On 28 June 2013, the UK Government announced that it has given the go ahead to a technique called “mitochondrial transfer”, which could not have been better timed - just ahead of the second International Family Law and Practice Conference 2013 “Parentage, Equality and Gender”.

In short, mitochondrial transfer is a process whereby DNA which is known to cause debilitating illness can be extracted from a human egg and replaced with other “good” DNA from the egg of another woman. When that reconstituted egg is fertilised, the resulting embryo will contain the DNA of three natural parents-to-be.

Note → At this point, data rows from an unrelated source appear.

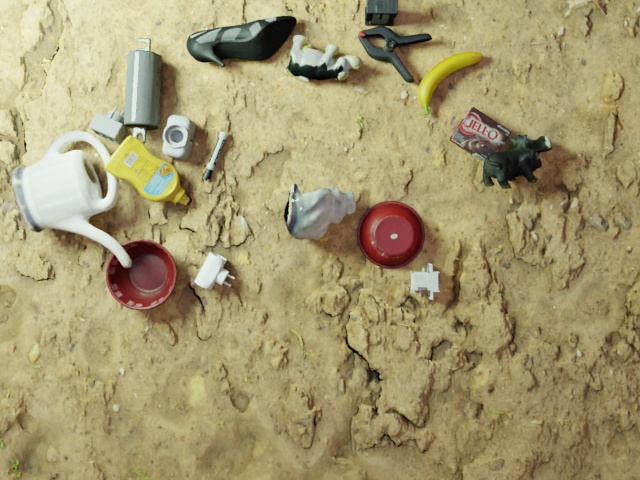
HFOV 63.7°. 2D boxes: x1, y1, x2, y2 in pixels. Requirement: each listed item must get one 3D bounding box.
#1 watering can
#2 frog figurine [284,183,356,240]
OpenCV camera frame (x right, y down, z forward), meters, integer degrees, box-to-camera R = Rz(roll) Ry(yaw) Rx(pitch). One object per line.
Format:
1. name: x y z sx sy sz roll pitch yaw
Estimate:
1. watering can: -0.553 -0.077 1.151 0.224 0.103 0.351 -18 78 -2
2. frog figurine: 0.004 -0.059 1.166 0.159 0.125 0.134 6 123 -9

The law will have to determine what role each parent might play in the life of the resulting child, no doubt building upon the jurisprudence that has developed around a case of A v B and C [2012] EWCA Civ 285.

The topics debated at the above conference, over its three day duration (3 – 5 July 2013), amongst the delegates from countries as far afield as Canada, Australia, the US, South Africa and New Zealand to name but a few ranged from developments in the law relating to “alternative” families to the concept of “parental gatekeeping”, whereby one parent, usually the mother, seeks to regulate the relationship which she thinks is appropriate between the child or children and the other parent.

England and Wales can take a lot from the experience, practice and development of laws dealing with common family problems in other jurisdictions, but as we appear to be the only country in the world permitting the development of mitochondrial transfer, we will also be in the forefront of developing and regulating the even wider ambit of families which presently fall within our group definition of “alternative”.